Question of using cublassgemm() for matrix mulitiplication

I tried to use cublassgemm() to do matrix multiplication using sample code provided in CUDA SDK package. It specifies the number of threads per block and number of block per grid by the following code:

// setup execution parameters
dim3 threads(block_size, block_size);  //block_size=32
dim3 grid(matrix_size.uiWC / threads.x, matrix_size.uiHC / threads.y); 

However, when I changed the size of both threads and grids(such as there is only one thread per block and only one block in the grid), its run time didn’t really change a lot(I tried large size matrix). I would like to know could I really can control how many blocks and threads I can use when using cublassgemm()?

CUBLAS API calls make their own decisions as to which kernel(s) to launch and how to configure those kernels. This is based on heuristics and should be close to optimal, modulo specific bugs that could exist. There is nothing for the user to configure in terms of runtime configuration: CUBLAS functions are a convenient black box.

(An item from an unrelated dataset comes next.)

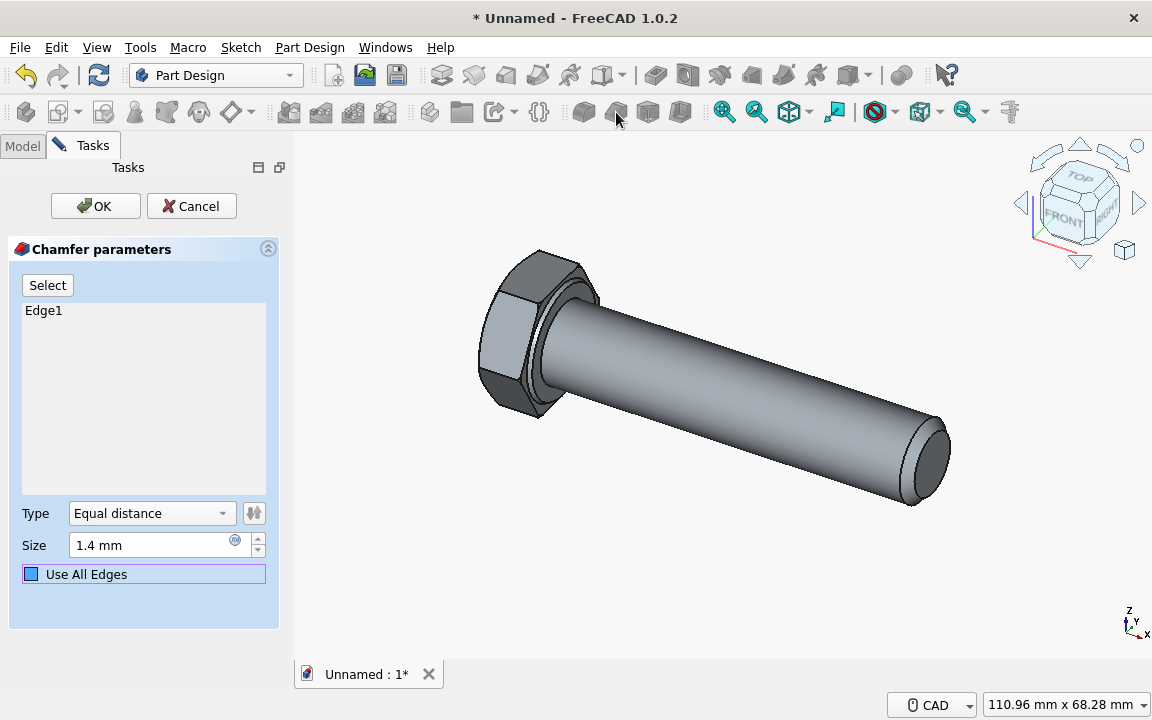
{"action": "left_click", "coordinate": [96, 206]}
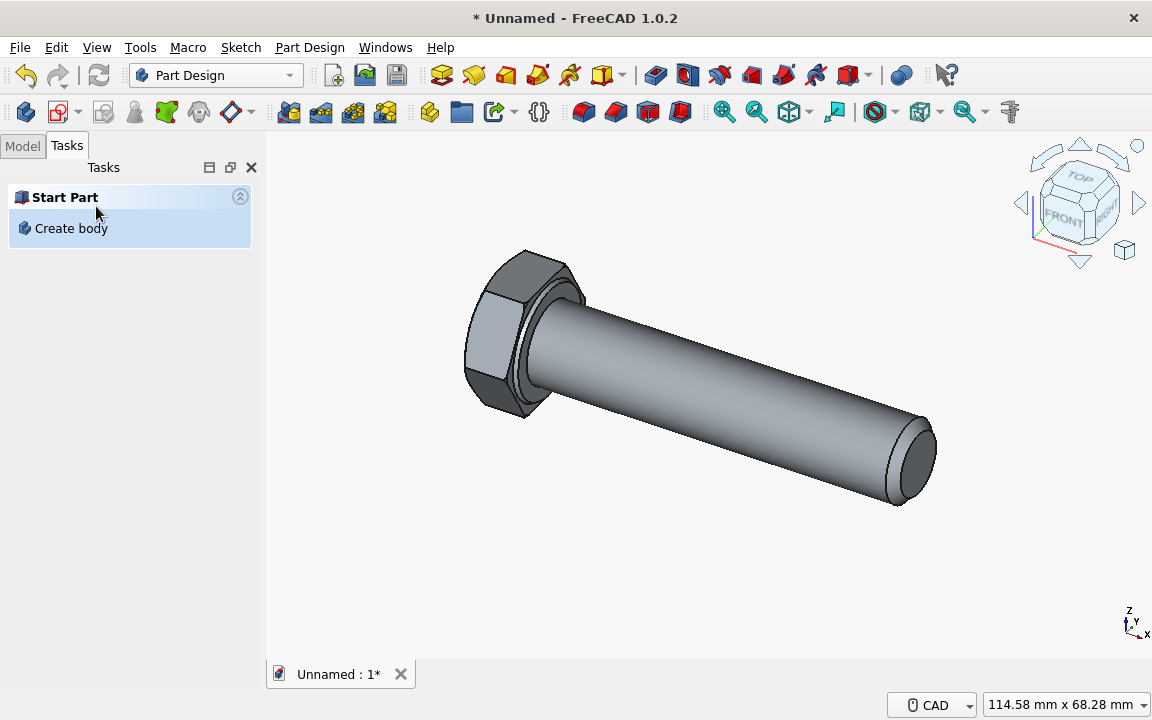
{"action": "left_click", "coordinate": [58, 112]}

Thank you very much for your reply. The reason I ask this question is that CUDA sample do scheduling the number of threads and blocks and I thought it is a right way to it.

Which CUDA sample are you looking at? When you write your own CUDA kernels for matrix computation, you will have to decide on a launch configuration of course. But if you use a pre-packaged library such as CUBLAS, CUFFT, CUDNN, NPP, etc that work has been done for you.